De modo que aguanta, paciente, las cordiales preguntas que su mentor le hace. Hasta que el accionista más reciente en el Consejo, pero no por eso el más joven, interviene. Parece que Wellington no es el único que tiene prisa.

—Señor Wellington —interrumpe—. Como sabrá, somos hombres ocupados. Aunque me encantaría continuar esta agradable conversación sobre su vida y logros, me temo que hay temas más importantes que tratar —dice de forma hosca.

—Ya lo creo, señor —responde él mostrando una ligera sonrisa. "Por fin", piensa.

—Supongo que será conocedor de la situación económica en la que se encuentra sumido el país y el mundo entero —comienza el accionista irritado—. La compañía, nuestra compañía —hace hincapié con un gesto que sólo incluye a los siete—, no está en su mejor momento. Hemos tenido que prescindir de varios departamentos, vender algunos negocios y ajustar la plantilla —usa como eufemismo para referirse al despido masivo—. De hecho, usted fue el precursor de uno de esos ajustes. Por cuenta propia y sin previo aviso, decidió prescindir de toda una empresa. MKM, ¿lo recuerda?

Johnson y su deprimente equipo de la planta 4 se dibuja en su mente. Hacía tiempo que había olvidado a esa rata rastrera.

—Sí, señor —admite satisfecho—. Son decisiones duras que un directivo debe tomar. Demostrar iniciativa y mano dura, antes de que la tormenta acontezca, es crucial en el mundo empresarial.

—Me alegra ver que coincidimos en ese respecto —responde con tono malicioso el accionista—. Así me será más sencillo hacerle comprender la razón de porqué está aquí —a Wellington no le gusta su forma de hablar, ni su mirada oscura. Algo no va bien.

—Su salud —interviene otro—, díganos, ¿en qué condiciones está?

Esa pregunta se instala en el sistema nervioso de Wellington provocándole un shock de forma automática. Sus músculos se tensan y la mano con la sujeta la copa aprieta ésta con fuerza en un acto reflejo. Inquieto, se remueve en su asiento.

—No... No comprendo la pregunta, señor —titubea.

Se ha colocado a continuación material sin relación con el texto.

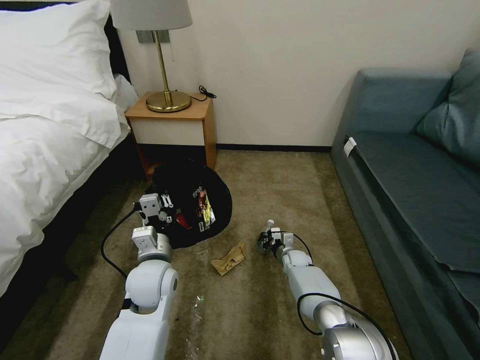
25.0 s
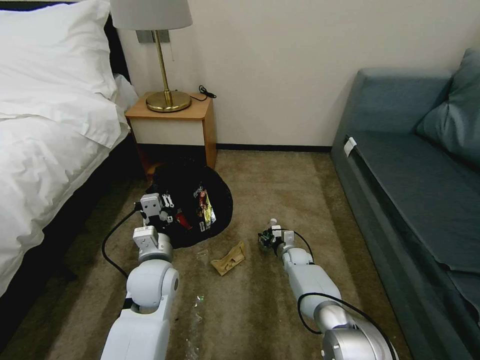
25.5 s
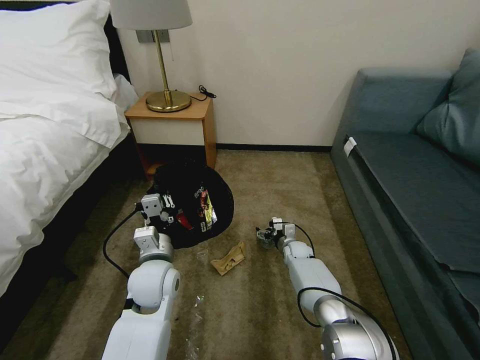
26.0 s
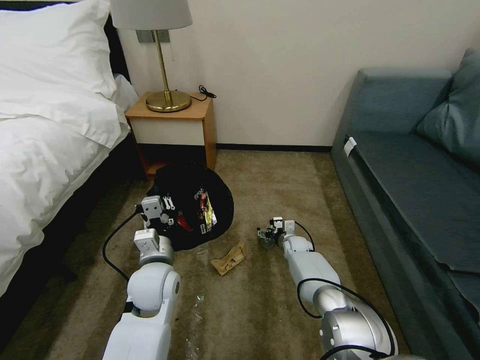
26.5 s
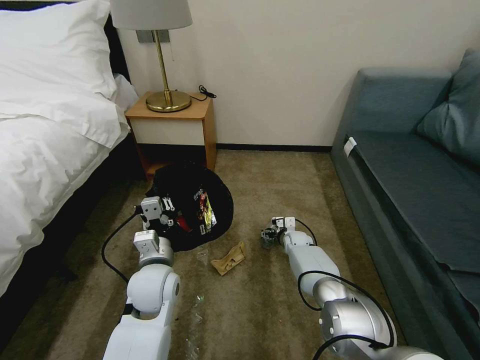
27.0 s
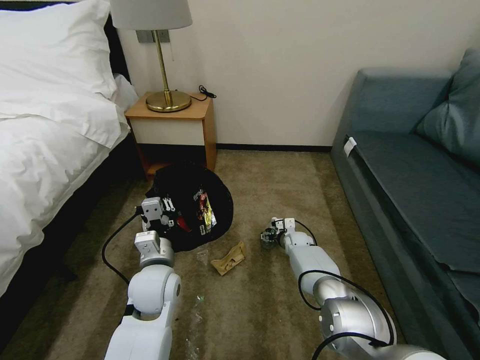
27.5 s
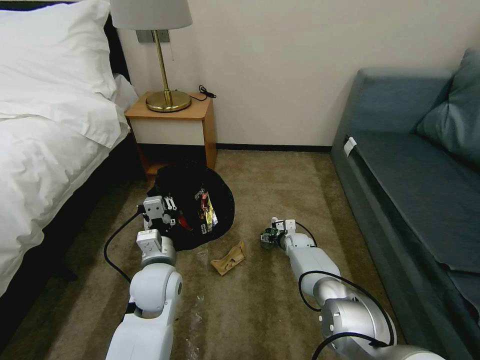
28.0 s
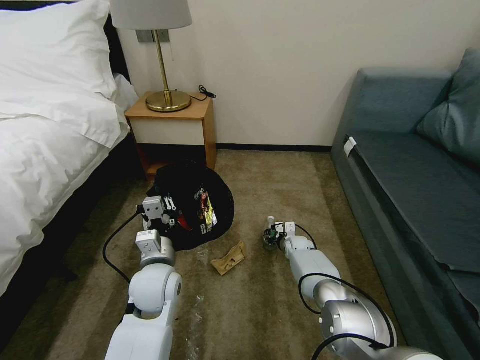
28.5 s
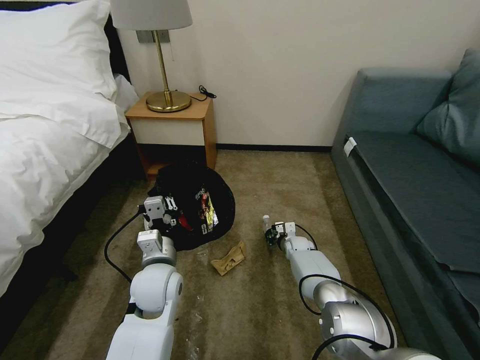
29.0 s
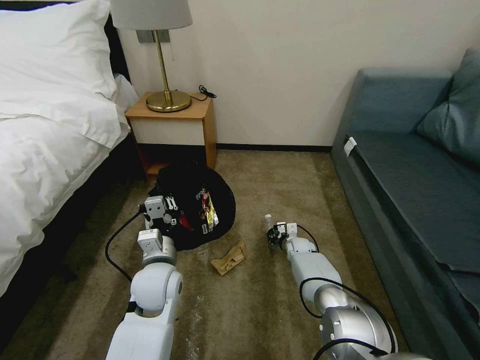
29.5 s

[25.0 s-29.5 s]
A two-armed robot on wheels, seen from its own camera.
Task of the whole recording: Pick up the trash bin, then pick up the garbage on the floor and place it into the trash bin.
25.0 to 27.0 s: The right gripper goes some 5 cm forward, and opens its fingers.
27.0 to 29.5 s: The right gripper closes up.

—Tenemos serios indicios de que está usted gravemente enfermo, Montgomery —interviene el primer accionista—. Fuentes fiables y hechos innegables nos lo confirman.

Wellington queda enmudecido. ¿Cómo es posible? Había tomado todas las precauciones posibles. Había eliminado todo rastro de médicos, hospitalizaciones, recetas médicas. Había untado a todo el que le había diagnosticado para que no hablaran. Nadie lo sabía. Nadie en el mundo. Excepto James. Y Máxima...

¿Sería capaz? ¿Sería capaz de traicionarlo de esa forma tan vil? ¿Después de que se ofreció a ayudarla? Quizás sólo fue una maniobra para cubrir sus huellas en este maquiavélico complot. Quizás el rencor y las ansias de venganza son más grandes que cualquier corazón humano.

No. No es posible. Ella no. No la ve capaz. Ella no le haría algo así. Al menos no conscientemente. Pero no puede obviar el hecho de con quien vive. De con quien comparte casa, cama y una vida. Ella no se lo contaría a esos hombres, pero sí podía habérselo contado a él... Ese bastardo...

—Señor Wellington —le llama la atención su verdugo—. ¿No es cierto que estuvo usted hospitalizado en la clínica privada Hugh Oswald los días diez y once de este mes? ­—lo inquiere—. ¿No es cierto que sufrió usted un ataque en las instalaciones de esta empresa momentos antes de ese hecho? —continúa incansable ante la falta de respuesta—. ¿No es cierto que viene cada día a trabajar bajo los efectos de fuertes sedantes que afectan a su conducta y raciocinio? Una empleada de la limpieza dice haberle visto sudoroso y desorientado a altas horas de la noche, tirado sobre la alfombra de su despacho y oliendo a alcohol. ¿No es cierto, señor Wellington, que padece usted Huntington?